[EXERCISE BRIEF] Stop at the line that contains "Offer a terse response. 5.". Until then, set down each line of the records exactly, beginning with the first, and skip pictures.

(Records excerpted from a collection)

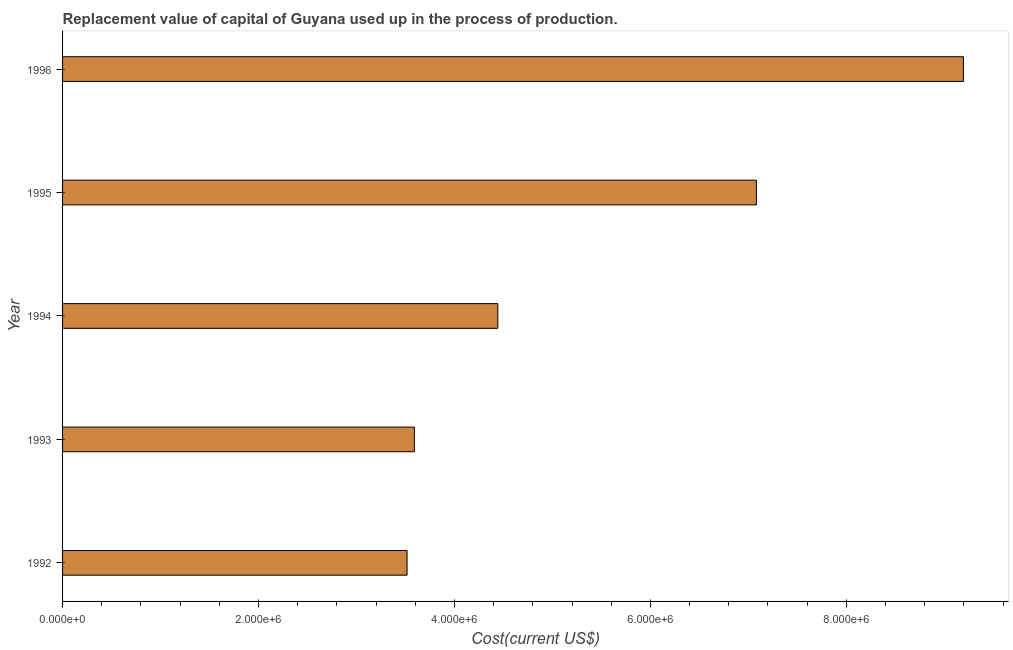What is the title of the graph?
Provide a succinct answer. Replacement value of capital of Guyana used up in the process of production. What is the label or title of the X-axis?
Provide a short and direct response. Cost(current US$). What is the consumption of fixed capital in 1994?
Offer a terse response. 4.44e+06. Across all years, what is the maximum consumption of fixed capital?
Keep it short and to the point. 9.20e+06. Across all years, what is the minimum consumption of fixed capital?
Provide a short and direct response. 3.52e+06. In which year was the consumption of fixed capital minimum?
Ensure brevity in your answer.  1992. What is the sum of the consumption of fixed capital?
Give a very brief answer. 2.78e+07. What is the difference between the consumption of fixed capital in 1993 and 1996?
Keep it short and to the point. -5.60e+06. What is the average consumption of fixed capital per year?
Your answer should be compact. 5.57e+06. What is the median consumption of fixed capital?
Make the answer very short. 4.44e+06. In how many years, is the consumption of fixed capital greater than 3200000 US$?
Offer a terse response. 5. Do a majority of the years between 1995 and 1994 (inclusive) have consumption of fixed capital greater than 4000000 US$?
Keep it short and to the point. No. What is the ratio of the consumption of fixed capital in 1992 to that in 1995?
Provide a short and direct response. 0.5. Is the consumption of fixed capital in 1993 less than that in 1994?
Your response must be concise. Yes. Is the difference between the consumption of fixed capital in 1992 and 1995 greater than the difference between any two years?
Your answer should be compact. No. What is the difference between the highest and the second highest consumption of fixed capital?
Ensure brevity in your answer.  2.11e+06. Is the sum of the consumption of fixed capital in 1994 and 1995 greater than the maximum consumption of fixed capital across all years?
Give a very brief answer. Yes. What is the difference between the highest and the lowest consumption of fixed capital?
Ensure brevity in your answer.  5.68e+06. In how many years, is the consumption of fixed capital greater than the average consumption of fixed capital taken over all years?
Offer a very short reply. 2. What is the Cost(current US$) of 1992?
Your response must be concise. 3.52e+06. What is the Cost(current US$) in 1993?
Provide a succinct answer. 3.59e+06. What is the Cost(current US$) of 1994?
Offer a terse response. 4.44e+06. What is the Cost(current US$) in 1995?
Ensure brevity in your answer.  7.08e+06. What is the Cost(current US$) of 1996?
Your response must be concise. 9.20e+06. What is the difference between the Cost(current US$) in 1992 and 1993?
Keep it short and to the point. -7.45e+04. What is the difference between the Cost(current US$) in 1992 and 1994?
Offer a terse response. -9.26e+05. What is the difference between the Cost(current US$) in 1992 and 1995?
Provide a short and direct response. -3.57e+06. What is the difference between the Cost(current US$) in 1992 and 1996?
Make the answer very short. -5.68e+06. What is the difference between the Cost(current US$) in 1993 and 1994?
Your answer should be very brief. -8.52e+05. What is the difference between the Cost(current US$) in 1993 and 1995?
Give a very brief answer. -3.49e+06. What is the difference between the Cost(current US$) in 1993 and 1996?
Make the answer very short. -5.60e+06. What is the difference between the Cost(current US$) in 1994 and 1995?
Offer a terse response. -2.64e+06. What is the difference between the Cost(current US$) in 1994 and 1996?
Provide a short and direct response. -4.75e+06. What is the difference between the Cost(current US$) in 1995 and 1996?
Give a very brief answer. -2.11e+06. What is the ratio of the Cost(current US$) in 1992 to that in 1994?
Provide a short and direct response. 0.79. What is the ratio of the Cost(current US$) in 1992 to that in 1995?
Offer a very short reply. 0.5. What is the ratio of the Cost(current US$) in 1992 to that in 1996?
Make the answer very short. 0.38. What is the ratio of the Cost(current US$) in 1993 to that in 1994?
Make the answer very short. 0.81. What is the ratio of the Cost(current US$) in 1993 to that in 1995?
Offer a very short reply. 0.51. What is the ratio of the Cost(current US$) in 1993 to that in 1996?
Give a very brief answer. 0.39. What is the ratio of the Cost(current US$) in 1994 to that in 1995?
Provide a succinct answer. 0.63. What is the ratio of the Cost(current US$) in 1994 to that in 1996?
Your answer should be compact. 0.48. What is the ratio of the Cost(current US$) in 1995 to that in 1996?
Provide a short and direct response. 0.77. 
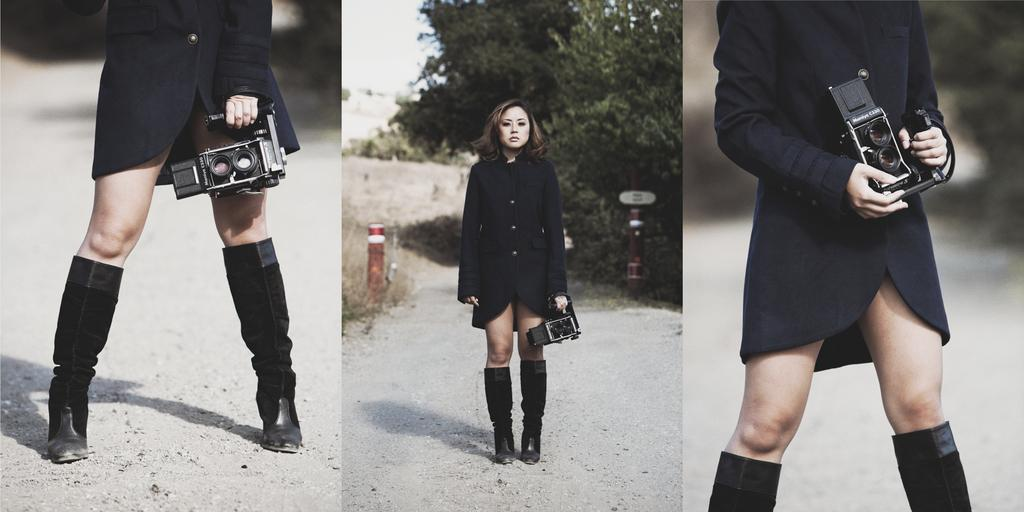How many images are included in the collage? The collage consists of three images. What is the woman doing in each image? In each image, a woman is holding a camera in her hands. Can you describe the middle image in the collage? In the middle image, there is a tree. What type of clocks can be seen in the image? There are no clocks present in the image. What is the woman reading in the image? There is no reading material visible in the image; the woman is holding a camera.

[RESPONSE TO THE EXERCISE]
What is the title of the graph?
Provide a succinct answer. Replacement value of capital of Guyana used up in the process of production. What is the label or title of the X-axis?
Provide a short and direct response. Cost(current US$). What is the consumption of fixed capital in 1994?
Offer a terse response. 4.44e+06. Across all years, what is the maximum consumption of fixed capital?
Keep it short and to the point. 9.20e+06. Across all years, what is the minimum consumption of fixed capital?
Provide a short and direct response. 3.52e+06. In which year was the consumption of fixed capital minimum?
Ensure brevity in your answer.  1992. What is the sum of the consumption of fixed capital?
Give a very brief answer. 2.78e+07. What is the difference between the consumption of fixed capital in 1993 and 1996?
Keep it short and to the point. -5.60e+06. What is the average consumption of fixed capital per year?
Your answer should be compact. 5.57e+06. What is the median consumption of fixed capital?
Make the answer very short. 4.44e+06. In how many years, is the consumption of fixed capital greater than 3200000 US$?
Offer a terse response. 5. Do a majority of the years between 1995 and 1994 (inclusive) have consumption of fixed capital greater than 4000000 US$?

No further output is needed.